**Required work:** A stretch of the entries below is to be set down exactly, running from the line with "table_cell 2. [422, 824, 504, 841]" through the line with "table_cell 3 [1011, 892, 1087, 909]", both included, and no other line.

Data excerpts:
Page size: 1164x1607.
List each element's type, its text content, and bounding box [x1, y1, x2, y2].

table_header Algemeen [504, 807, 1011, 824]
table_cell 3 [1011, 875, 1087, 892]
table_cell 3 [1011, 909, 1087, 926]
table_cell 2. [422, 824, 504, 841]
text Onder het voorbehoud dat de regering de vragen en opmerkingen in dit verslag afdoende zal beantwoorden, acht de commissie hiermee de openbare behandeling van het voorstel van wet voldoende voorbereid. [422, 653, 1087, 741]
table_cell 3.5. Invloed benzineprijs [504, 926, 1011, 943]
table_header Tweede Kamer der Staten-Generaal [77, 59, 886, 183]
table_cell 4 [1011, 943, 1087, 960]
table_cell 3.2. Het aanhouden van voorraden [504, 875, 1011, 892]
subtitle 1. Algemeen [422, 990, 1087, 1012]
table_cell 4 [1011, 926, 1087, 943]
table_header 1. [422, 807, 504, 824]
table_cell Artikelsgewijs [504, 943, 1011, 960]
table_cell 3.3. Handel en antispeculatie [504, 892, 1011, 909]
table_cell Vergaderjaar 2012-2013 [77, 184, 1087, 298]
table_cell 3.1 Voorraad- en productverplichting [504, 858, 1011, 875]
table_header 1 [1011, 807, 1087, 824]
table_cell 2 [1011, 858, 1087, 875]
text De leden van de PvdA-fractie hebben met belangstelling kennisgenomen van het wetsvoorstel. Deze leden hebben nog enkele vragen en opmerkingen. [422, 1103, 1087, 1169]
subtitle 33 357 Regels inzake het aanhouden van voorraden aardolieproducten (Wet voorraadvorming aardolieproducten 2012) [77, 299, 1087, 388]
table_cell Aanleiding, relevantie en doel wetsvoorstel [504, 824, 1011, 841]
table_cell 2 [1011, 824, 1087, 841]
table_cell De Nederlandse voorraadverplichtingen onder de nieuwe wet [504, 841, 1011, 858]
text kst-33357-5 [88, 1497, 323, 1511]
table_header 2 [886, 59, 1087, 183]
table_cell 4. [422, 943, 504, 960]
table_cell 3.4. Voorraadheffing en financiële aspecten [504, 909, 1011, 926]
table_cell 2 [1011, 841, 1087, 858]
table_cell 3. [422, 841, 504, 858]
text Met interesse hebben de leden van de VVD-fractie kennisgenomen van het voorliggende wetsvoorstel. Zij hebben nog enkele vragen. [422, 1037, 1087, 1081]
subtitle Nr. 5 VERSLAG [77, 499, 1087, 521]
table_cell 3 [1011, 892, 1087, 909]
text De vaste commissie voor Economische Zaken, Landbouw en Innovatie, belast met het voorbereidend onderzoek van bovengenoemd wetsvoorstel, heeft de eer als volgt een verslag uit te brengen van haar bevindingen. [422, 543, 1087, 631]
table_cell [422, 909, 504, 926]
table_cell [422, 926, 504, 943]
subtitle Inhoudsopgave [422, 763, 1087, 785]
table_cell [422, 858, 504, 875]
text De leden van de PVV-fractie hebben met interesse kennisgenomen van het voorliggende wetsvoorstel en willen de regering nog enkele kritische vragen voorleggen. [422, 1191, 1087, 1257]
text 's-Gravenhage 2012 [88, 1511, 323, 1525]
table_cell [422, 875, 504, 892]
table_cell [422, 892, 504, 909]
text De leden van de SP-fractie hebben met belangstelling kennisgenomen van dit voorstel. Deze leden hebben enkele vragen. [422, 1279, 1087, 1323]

**Result:**
table_cell 2. [422, 824, 504, 841]
text Onder het voorbehoud dat de regering de vragen en opmerkingen in dit verslag afdoende zal beantwoorden, acht de commissie hiermee de openbare behandeling van het voorstel van wet voldoende voorbereid. [422, 653, 1087, 741]
table_cell 3.5. Invloed benzineprijs [504, 926, 1011, 943]
table_header Tweede Kamer der Staten-Generaal [77, 59, 886, 183]
table_cell 4 [1011, 943, 1087, 960]
table_cell 3.2. Het aanhouden van voorraden [504, 875, 1011, 892]
subtitle 1. Algemeen [422, 990, 1087, 1012]
table_cell 4 [1011, 926, 1087, 943]
table_header 1. [422, 807, 504, 824]
table_cell Artikelsgewijs [504, 943, 1011, 960]
table_cell 3.3. Handel en antispeculatie [504, 892, 1011, 909]
table_cell Vergaderjaar 2012-2013 [77, 184, 1087, 298]
table_cell 3.1 Voorraad- en productverplichting [504, 858, 1011, 875]
table_header 1 [1011, 807, 1087, 824]
table_cell 2 [1011, 858, 1087, 875]
text De leden van de PvdA-fractie hebben met belangstelling kennisgenomen van het wetsvoorstel. Deze leden hebben nog enkele vragen en opmerkingen. [422, 1103, 1087, 1169]
subtitle 33 357 Regels inzake het aanhouden van voorraden aardolieproducten (Wet voorraadvorming aardolieproducten 2012) [77, 299, 1087, 388]
table_cell Aanleiding, relevantie en doel wetsvoorstel [504, 824, 1011, 841]
table_cell 2 [1011, 824, 1087, 841]
table_cell De Nederlandse voorraadverplichtingen onder de nieuwe wet [504, 841, 1011, 858]
text kst-33357-5 [88, 1497, 323, 1511]
table_header 2 [886, 59, 1087, 183]
table_cell 4. [422, 943, 504, 960]
table_cell 3.4. Voorraadheffing en financiële aspecten [504, 909, 1011, 926]
table_cell 2 [1011, 841, 1087, 858]
table_cell 3. [422, 841, 504, 858]
text Met interesse hebben de leden van de VVD-fractie kennisgenomen van het voorliggende wetsvoorstel. Zij hebben nog enkele vragen. [422, 1037, 1087, 1081]
subtitle Nr. 5 VERSLAG [77, 499, 1087, 521]
table_cell 3 [1011, 892, 1087, 909]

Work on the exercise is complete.